Start of Data to process
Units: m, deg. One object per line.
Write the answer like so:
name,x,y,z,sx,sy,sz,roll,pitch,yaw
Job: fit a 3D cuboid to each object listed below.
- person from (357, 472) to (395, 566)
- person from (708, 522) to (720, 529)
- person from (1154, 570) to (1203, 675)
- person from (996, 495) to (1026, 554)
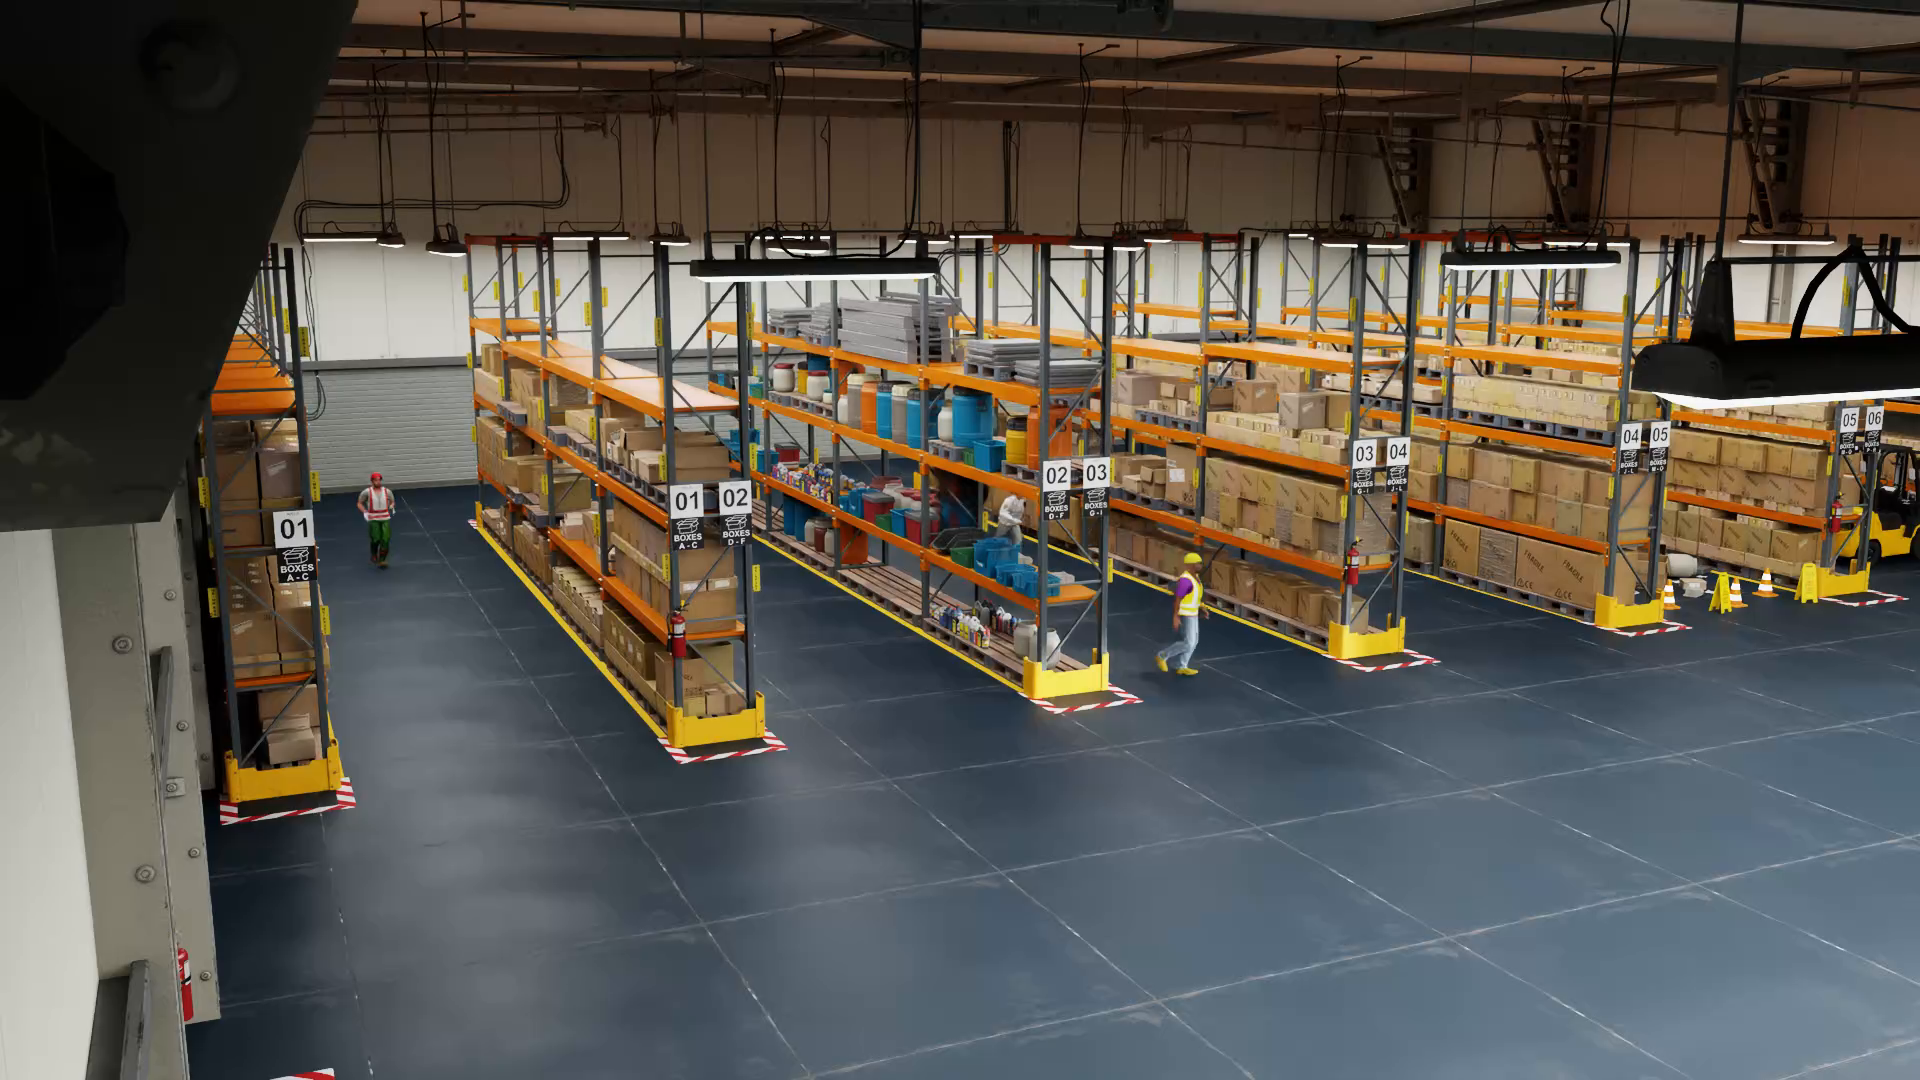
person,-10.626,-0.363,30.401,0.647,1.744,0.592,-7,13,-31
person,-4.847,-0.727,33.202,0.709,1.411,0.959,1,11,7
person,3.066,1.150,23.266,0.599,1.493,0.706,4,12,19
person,0.845,-0.211,28.920,0.917,1.626,0.486,11,15,44
End of Data to process
Problem
In your answer, print the entries above exactly, with the pictures left out.

Exercise output
Units: m, deg. One object per line.
Write the answer like so:
name,x,y,z,sx,sy,sz,roll,pitch,yaw
Job: fit a 3D cuboid to each object listed below.
- person from (357, 472) to (395, 566)
- person from (708, 522) to (720, 529)
- person from (1154, 570) to (1203, 675)
- person from (996, 495) to (1026, 554)
person,-10.626,-0.363,30.401,0.647,1.744,0.592,-7,13,-31
person,-4.847,-0.727,33.202,0.709,1.411,0.959,1,11,7
person,3.066,1.150,23.266,0.599,1.493,0.706,4,12,19
person,0.845,-0.211,28.920,0.917,1.626,0.486,11,15,44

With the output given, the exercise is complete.